La réponse est non, tant s’en faut. Pour cela, il faut à notre tour faire un bond en arrière de deux minutes, et revenir sur l’onglet jouabilité. Si The Silent Age présente une mécanique de jeu bien particulière (le voyage dans le temps), elle est toutefois trop isolée, tout étant fait pour faciliter la progression du joueur : les rares objets disséminés dans les décors sont simples à trouver (leur hitbox étant gigantesque) ; il est impossible de combiner les items entre eux et ceux-ci disparaissent après une seule utilisation (allant parfois jusqu’à défier toute logique, exemple d’un Katana qui disparaît après avoir coupé une corde) ; et les puzzles, toujours emprunt de logique, se résolvent avec une facilité déconcertante, et tant pis pour notre sentiment d’accomplissement. C’est ce qu’on pourrait appeler un point&click couloir, tant The Silent Age se traverse en ligne droite, laissant sur leur faim les joueurs les plus aguerris, habitués aux énigmes retorses de sagas telles que Monkey Island ou Baphomet. Alors certes, sa simplicité extrême sied bien au support téléphone, mais sur PC la grille d’analyse n’est plus la même et les exigences s’en retrouvent, par conséquent, bien différentes. Amateurs de challenge, passez votre chemin.
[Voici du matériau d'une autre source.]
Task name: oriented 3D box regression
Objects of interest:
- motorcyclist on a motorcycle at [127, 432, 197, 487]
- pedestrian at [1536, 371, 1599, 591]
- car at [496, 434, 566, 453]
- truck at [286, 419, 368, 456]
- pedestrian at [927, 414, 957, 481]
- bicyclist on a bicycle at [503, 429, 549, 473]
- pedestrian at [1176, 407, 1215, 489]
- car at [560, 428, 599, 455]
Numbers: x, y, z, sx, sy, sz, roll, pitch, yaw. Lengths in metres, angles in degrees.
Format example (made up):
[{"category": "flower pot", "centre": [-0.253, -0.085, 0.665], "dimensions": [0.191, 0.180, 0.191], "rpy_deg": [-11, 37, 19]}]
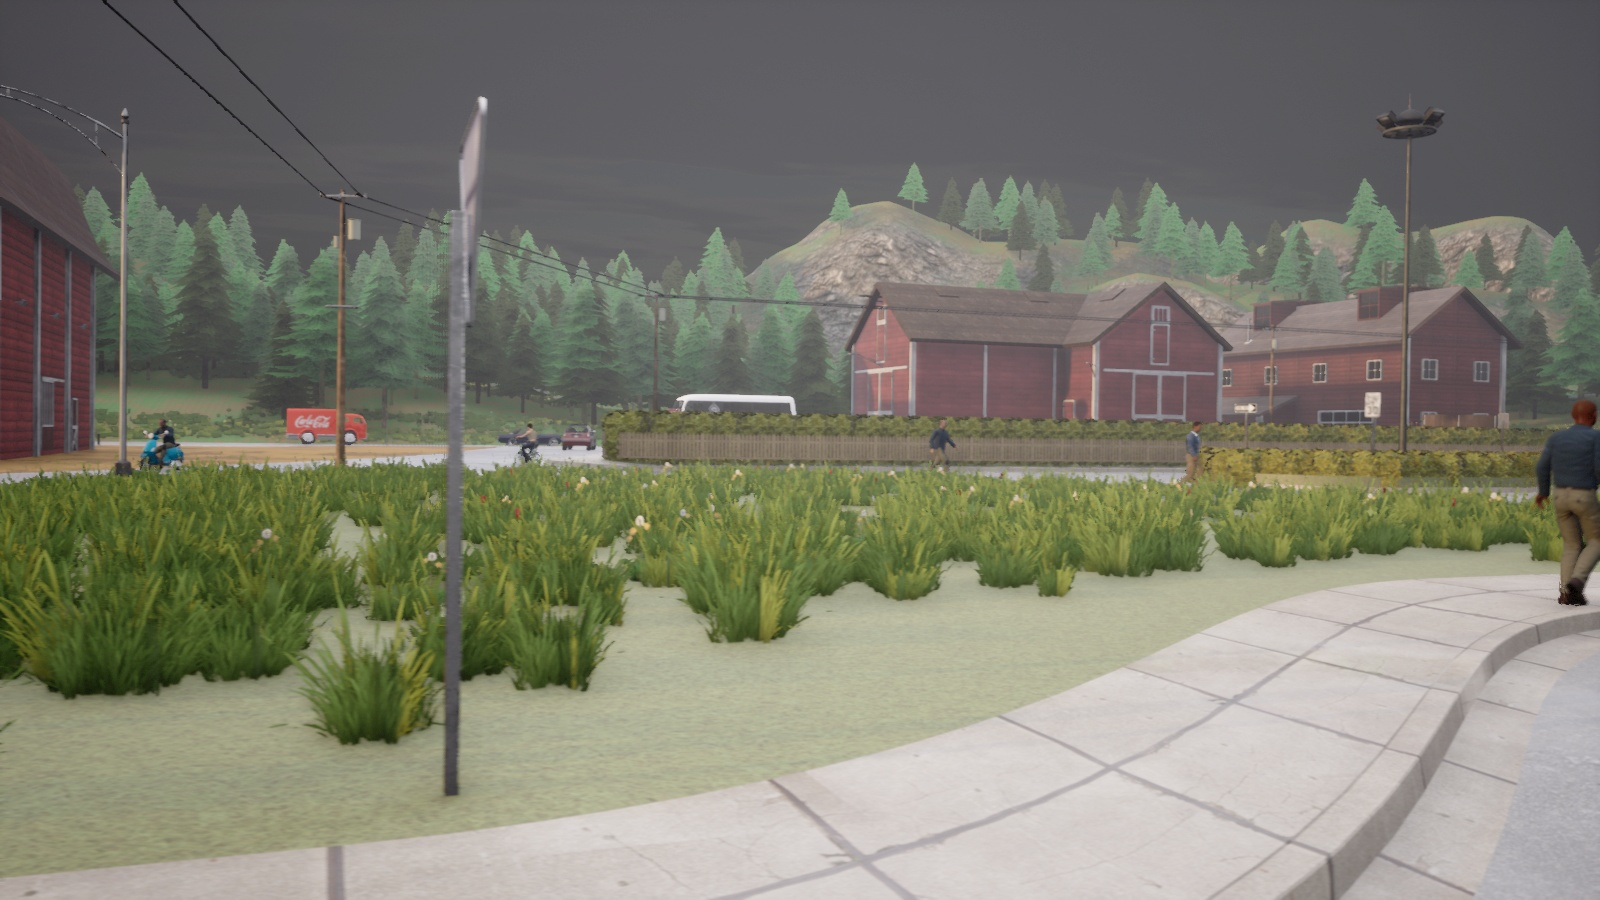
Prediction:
[{"category": "motorcyclist on a motorcycle", "centre": [-19.145, 0.263, 37.715], "dimensions": [0.866, 1.590, 1.817], "rpy_deg": [0, 1, 14]}, {"category": "pedestrian", "centre": [6.741, 0.255, 10.821], "dimensions": [0.726, 1.835, 0.370], "rpy_deg": [-1, 1, -29]}, {"category": "car", "centre": [-19.588, -0.465, 91.343], "dimensions": [4.718, 1.301, 1.895], "rpy_deg": [-1, 1, -20]}, {"category": "truck", "centre": [-32.614, -0.882, 86.669], "dimensions": [5.204, 2.467, 2.627], "rpy_deg": [-1, 1, -20]}, {"category": "pedestrian", "centre": [3.953, -0.080, 34.990], "dimensions": [0.726, 1.842, 0.402], "rpy_deg": [0, 1, 40]}, {"category": "bicyclist on a bicycle", "centre": [-10.168, 0.030, 46.658], "dimensions": [1.509, 1.612, 0.866], "rpy_deg": [1, -1, 38]}, {"category": "pedestrian", "centre": [9.578, -0.050, 30.391], "dimensions": [0.788, 1.949, 0.423], "rpy_deg": [0, 1, 41]}, {"category": "car", "centre": [-13.455, -0.549, 76.781], "dimensions": [1.851, 1.617, 3.988], "rpy_deg": [0, 1, -3]}]

Notre avis final sur The Silent Age

Sympa mais… avec une histoire plus travaillée, une satyre plus profonde, ainsi qu’un gameplay mieux calibré, The Silent Age aurait pu devenir un hit incontournable notamment grâce à sa direction artistique poétique, véritable sucrerie pour la rétine. Mais voilà, sa facilité rebutera les joueurs les plus acharnés (pour mieux attirer un public plus casual), et sa narration, bien que plaisante, ne se suffit pas à elle-même.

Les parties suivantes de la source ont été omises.